We could try a neural network with between 1 and 3 layers, with between 10 and 20 neurons each, and with activation functions either logistic or ReLU. But that would also take too long. So instead, let's try 2-3 hidden layers, with a number of neurons either 10, 15 or 20, but strictly decreasing from one layer to the next. The list of possible hidden layer sizes is then:

```
[(20, 15), (20, 10), (15, 10), (20, 15, 10)]
```

Next, we optimize over number of layers, neurons in each layer, and activation function to find the best fit of a Multi-Layer Perceptron:

In [None]:
best_accuracy = 0
best_hidden_layers = None
best_mlp = None
best_activation = None

for combination in [(20, 15), (20, 10), (15, 10), (20, 15, 10)]:
  for activation in ["logistic", "relu"]:

    print(f"Fitting {combination=}, {activation=}... ", end="")
    mlp = sklearn.neural_network.MLPClassifier(
      hidden_layer_sizes=combination,
      max_iter=2000,
      random_state=42,
      activation=activation
    )
    mlp.fit(X_train, y_train)

    print("Fit! Accuracy... ", end="")
    y_predicted = mlp.predict(X_val)
    accuracy = sklearn.metrics.accuracy_score(y_predicted, y_val)
    # Alternatively:
    # accuracy = mlp.score(X_val, y_val)

    print(f"computed! {accuracy=:.6f}")

    if accuracy > best_accuracy:
      best_accuracy = accuracy
      best_hidden_layers = combination
      best_mlp = mlp
      best_activation = activation

print(f"Found best MLP model: {best_hidden_layers=}, {best_activation=}")
print(f"{best_accuracy=}")

## Comparison of the three classifiers

Now that we have estimated and fit the three classifiers, let's compare their performance on the test dataset.

In [None]:
acc_test_logistic = logistic_classifier.score(X_test, y_test)
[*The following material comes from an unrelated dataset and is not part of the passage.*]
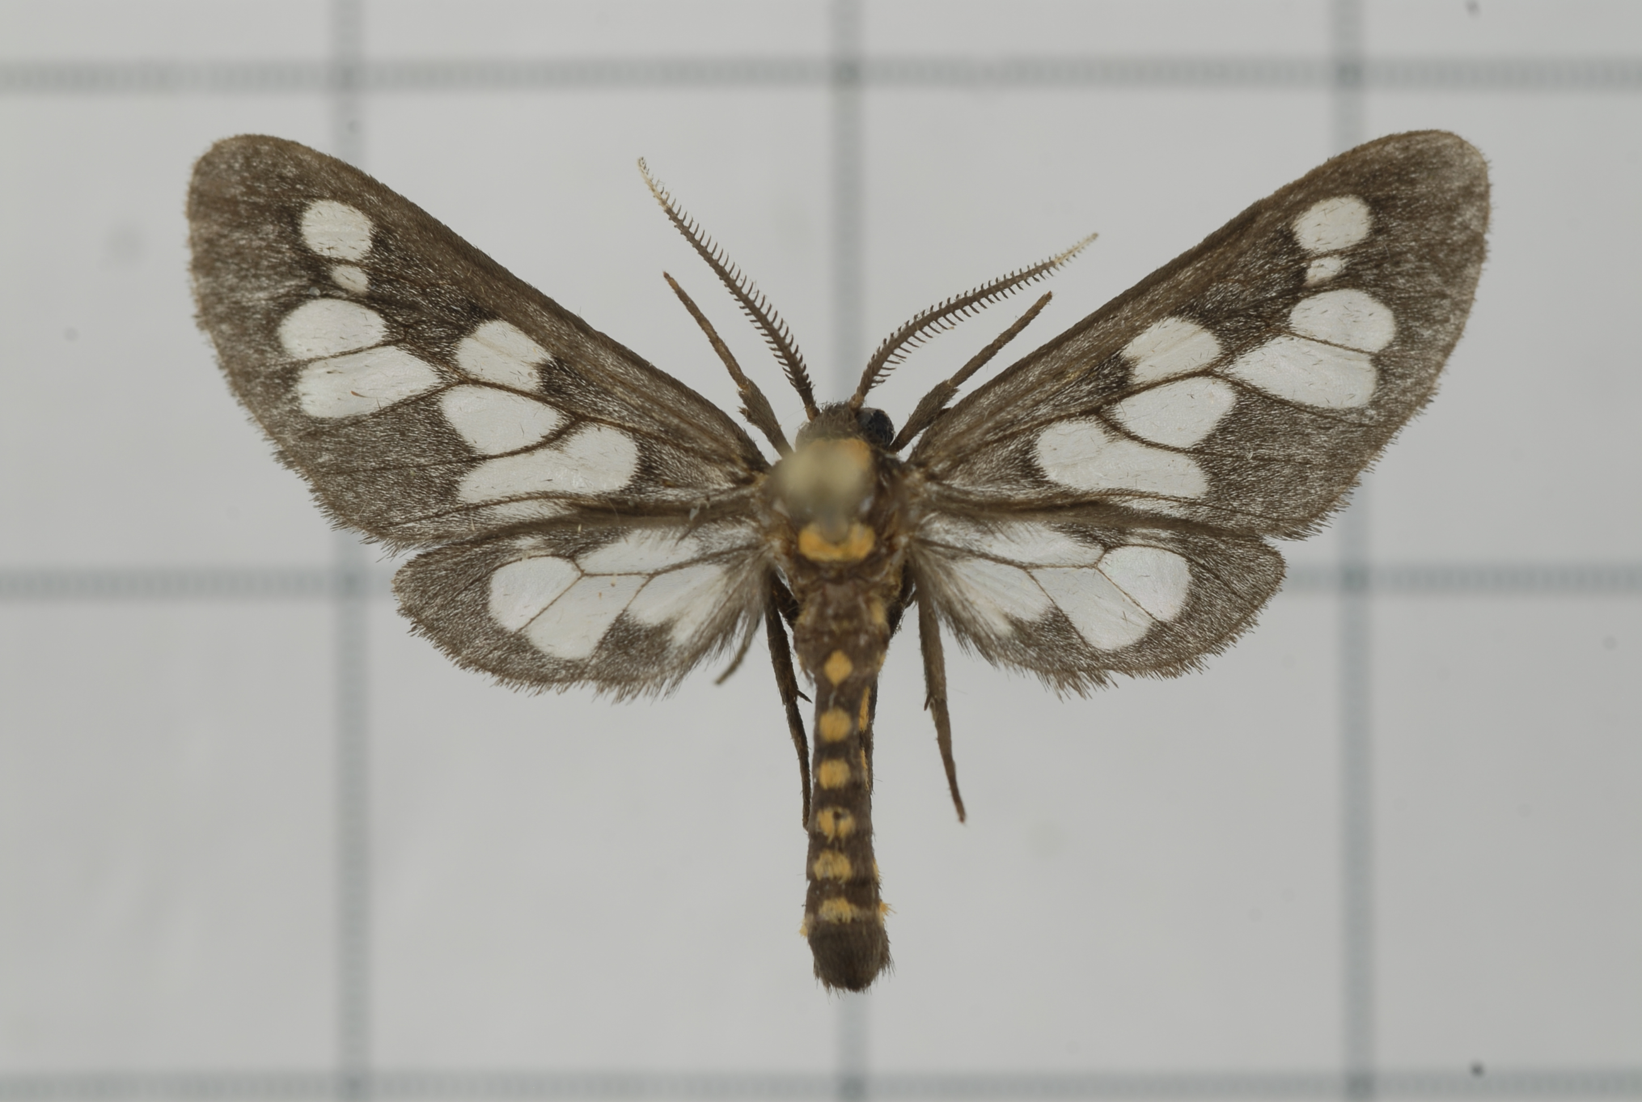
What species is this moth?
Eressa confinis finitima

acc_test_knn = best_knn.score(X_test, y_test)

acc_test_mlp = best_mlp.score(X_test, y_test)

print(f"{acc_test_logistic=}, {acc_test_knn=}, {acc_test_mlp=}")

Note: it's possible to make this code DRY with the function `eval()`, which converts a string into code and evaluates that code. The following cell does the same as the previous, but is shorter, and more complicated (and also uses the paradigm of "functions as first class citizens", storing a function in a variable, and using it after). Try this only if you're comfortable with the material so far. It will not be in the exam:

In [None]:
for model_string in ["logistic_classifier", "best_knn", "best_mlp"]:
  model_function = eval(model_string)
  accuracy = model_function.score(X_test, y_test)
  print(f"For model {model_string}, {accuracy=:.6f}")

If you get different results, please come talk to me, so I can understand and debug the discrepancy.

The accuracy scores are similar for all models, due to the class imbalance (read more [here](https://stackoverflow.com/questions/67878862/why-are-all-my-classification-accuracy-scores-the-same)).

## Situation specific to the class imbalance

Without the class imbalance, the procedure ends here: we choose the best model from a criterion of accuracy.

When the data has a class imbalance like this credit card dataset, we may need more. For example, a naive model that always predict a legitimate transaction achieves 99.83% accuracy.

We could pursue the analysis with other metrics, for example the F-1 score, plotting a confusion matrix, or the Area Under the Precision-Recall Curve (AUPRC).